Keep in mind the fact that ethics are not just about doing nice things, they are about establishing expectations of conduct that will be used by people who deal with you in future. Sony Ericsson has shown that I should expect that they will treat the integrity of my data with contempt and I will keep this in mind every time I decline an opportunity to purchase their products. Google has shown that they consider the protection of my data as an important issue and therefore I can be confident when using and recommending their services that I won’t get stuck with data that is locked away.

While Google has demonstrated that corporations can do the right thing, the vast majority of evidence suggests that we should never trust a corporation with anything that we might want to retrieve when it’s not immediately profitable for the corporation. Therefore avoiding commercial services for storing important data is the sensible thing to do.

4 comments to 5 Principles of Backup Software

  • neonsignal

    On point three I agree strongly, it pays to be very suspicious of backup systems that are not forward compatible with new versions. If they can’t be bothered with defining an extendable format that is forward compatible, then there is a fair chance that at some point in the future they’ll break their format enough to not be backward compatible either. No-one wants to be digging around for ancient and unmaintained software just to examine a single file in a historical backup.

    I’m finding more and more that plain old filesystems (with hard links to manage incrementals) are the safest for backups (eg using rsync and the like). If the files are small (eg source), I don’t care if they get compressed, and if they are large (eg media), then they are probably already compressed. And the beauty is that in the worst case it can be restored with plain old cp. The drawback is that it doesn’t work so well for “embedded” filesystems, such as databases and virtual machine images, since their contents are to some extent opaque (eg, as you suggest, something like an XML export needs to be part of the process).

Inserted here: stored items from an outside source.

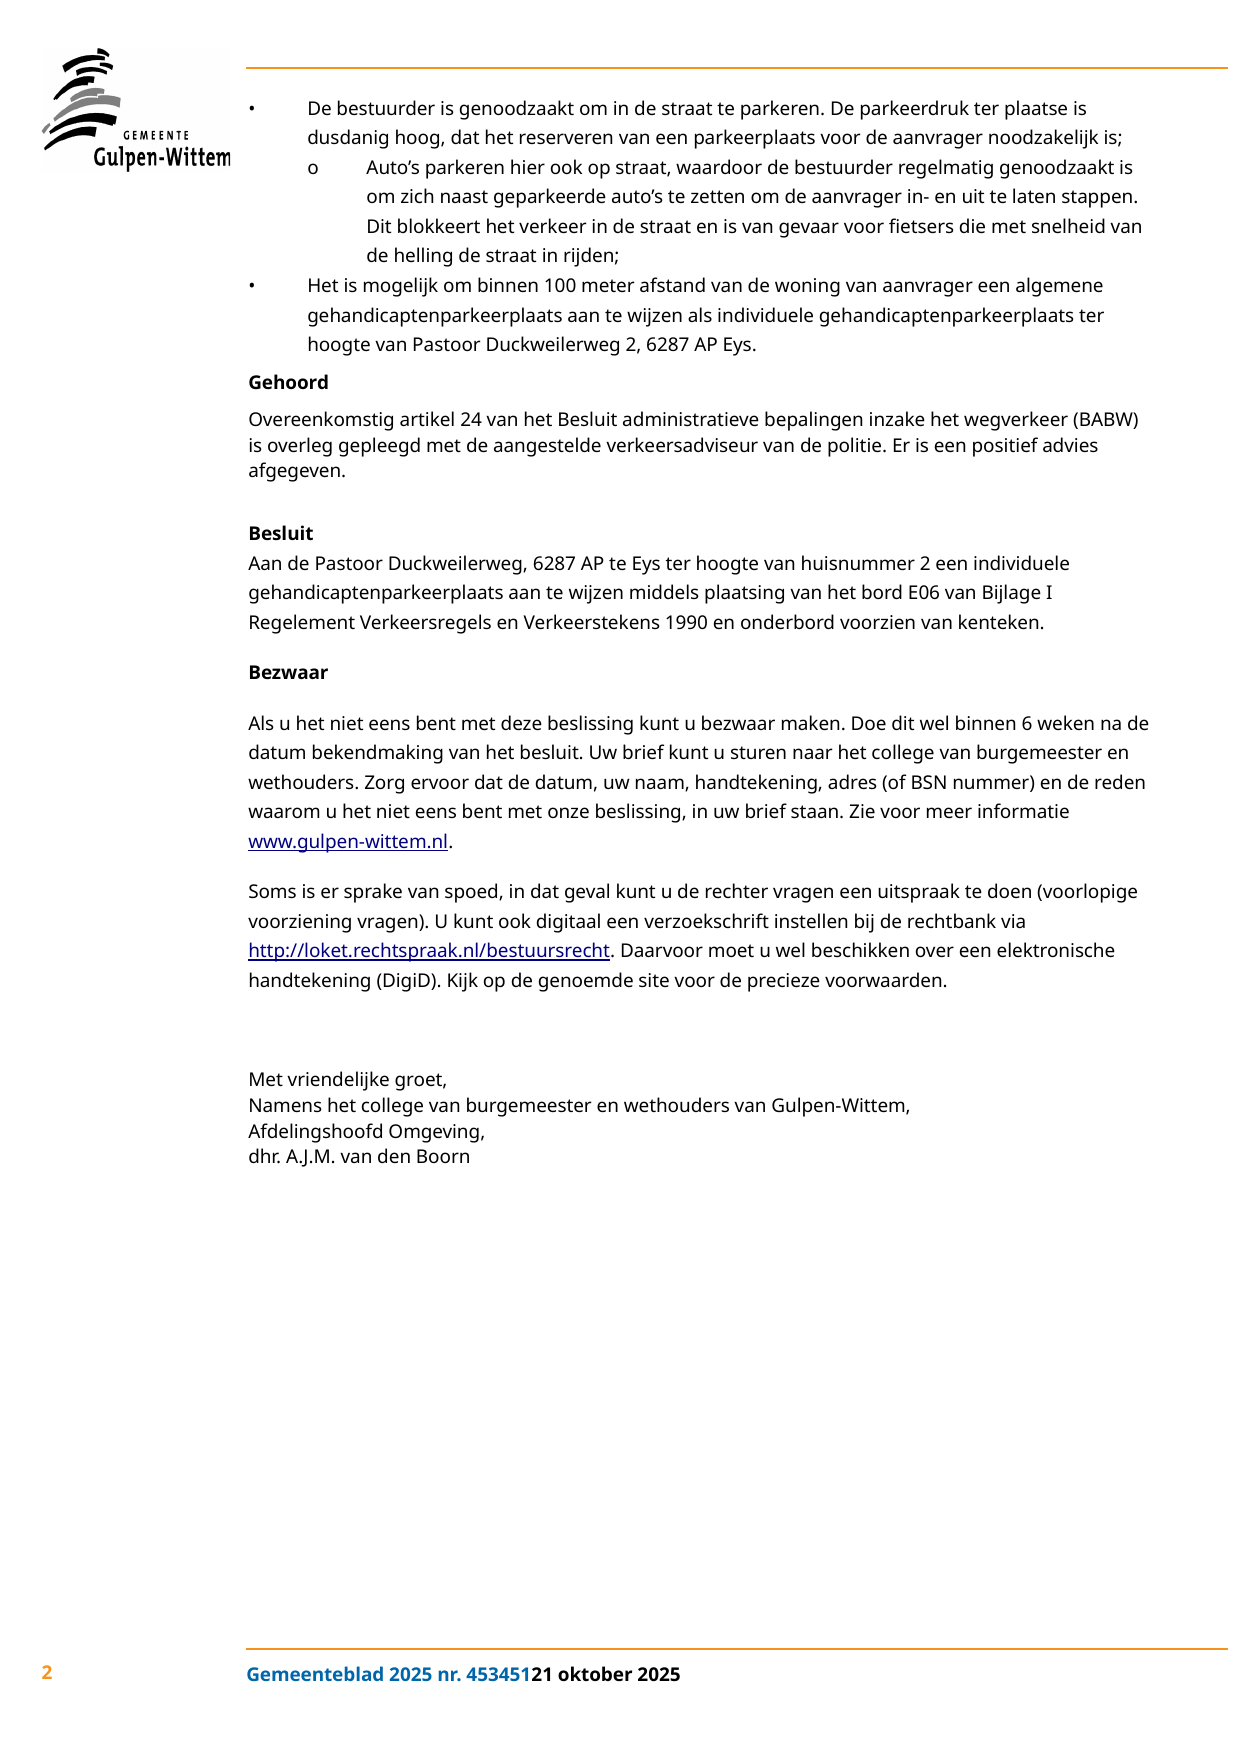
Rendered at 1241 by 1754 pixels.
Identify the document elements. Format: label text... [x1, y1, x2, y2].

text Besluit [248, 520, 1152, 546]
list Auto’s parkeren hier ook op straat, waardoor de bestuurder regelmatig genoodzaakt is om zich naast geparkeerde auto’s te zetten om de aanvrager in- en uit te laten stappen. Dit blokkeert het verkeer in de straat en is van gevaar voor fietsers die met snelheid van de helling de straat in rijden; [307, 154, 1152, 268]
text Bezwaar [248, 659, 1152, 685]
text Aan de Pastoor Duckweilerweg, 6287 AP te Eys ter hoogte van huisnummer 2 een individuele gehandicaptenparkeerplaats aan te wijzen middels plaatsing van het bord E06 van Bijlage I Regelement Verkeersregels en Verkeerstekens 1990 en onderbord voorzien van kenteken. [248, 550, 1152, 635]
picture [41, 47, 231, 172]
text Namens het college van burgemeester en wethouders van Gulpen-Wittem, [248, 1092, 1152, 1118]
text Gehoord [248, 369, 1152, 395]
list Het is mogelijk om binnen 100 meter afstand van de woning van aanvrager een algemene gehandicaptenparkeerplaats aan te wijzen als individuele gehandicaptenparkeerplaats ter hoogte van Pastoor Duckweilerweg 2, 6287 AP Eys. [248, 272, 1152, 357]
list De bestuurder is genoodzaakt om in de straat te parkeren. De parkeerdruk ter plaatse is dusdanig hoog, dat het reserveren van een parkeerplaats voor de aanvrager noodzakelijk is; [248, 95, 1152, 150]
text Met vriendelijke groet, [248, 1067, 1152, 1092]
text Als u het niet eens bent met deze beslissing kunt u bezwaar maken. Doe dit wel binnen 6 weken na de datum bekendmaking van het besluit. Uw brief kunt u sturen naar het college van burgemeester en wethouders. Zorg ervoor dat de datum, uw naam, handtekening, adres (of BSN nummer) en de reden waarom u het niet eens bent met onze beslissing, in uw brief staan. Zie voor meer informatie www.gulpen-wittem.nl. [248, 710, 1152, 854]
text Overeenkomstig artikel 24 van het Besluit administratieve bepalingen inzake het wegverkeer (BABW) is overleg gepleegd met de aangestelde verkeersadviseur van de politie. Er is een positief advies afgegeven. [248, 406, 1152, 483]
text Soms is er sprake van spoed, in dat geval kunt u de rechter vragen een uitspraak te doen (voorlopige voorziening vragen). U kunt ook digitaal een verzoekschrift instellen bij de rechtbank via http://loket.rechtspraak.nl/bestuursrecht. Daarvoor moet u wel beschikken over een elektronische handtekening (DigiD). Kijk op de genoemde site voor de precieze voorwaarden. [248, 878, 1152, 993]
text Afdelingshoofd Omgeving, [248, 1118, 1152, 1144]
text dhr. A.J.M. van den Boorn [248, 1144, 1152, 1169]

    Another point I’d want to add to backup software requirements is the need for good logging and testing facilities; it is vital to know that a backup has had errors, and to be able to test that the backup can be restored without necessarily restoring the entire content.

  • Brendan

    I once tried to recover a tar file, but was told (by tar) that the format was too old. The tar was made in 1991 ish, and I think I was trying to recover it 10-12 years or so later. I don’t know if the archive was corrupted.

  • Brendan

    PS: on Android an app’s data is private to that app (including if it’s connected for debugging). The app must, itself, have a function for exporting it to a public area on the SD card and a second function for importing them again.

    Maybe what needed to be backed up was too tedious for them to be bothered coding it in Java?

  • etbe

    neonsignal: Yes filesystems can be good, but they can also become outdated. It’s fortunate that my backups of early Linux systems weren’t in the Minix or Xiafs filesystem formats. It’s unfortunate that some of my backups of OS/2 systems are in the form of HPFS images…

    Brendan: In at least one case the app developer might consider that they have a vested interest in making it difficult to backup data – to avoid cheating in an online game.

    http://www.reddit.com/r/linux/comments/pgkea/5_principles_of_backup_software/

    A comment on Reddit says “How is it ethical to deny root to permanent users of* devices”. I agree that when we consider the ethical issues related to using devices then a good case can be made for allowing the purchaser to have root access. But in terms of backup it’s sufficient to merely preserve the user’s data – something Sony Ericsson shows no sign of ever doing.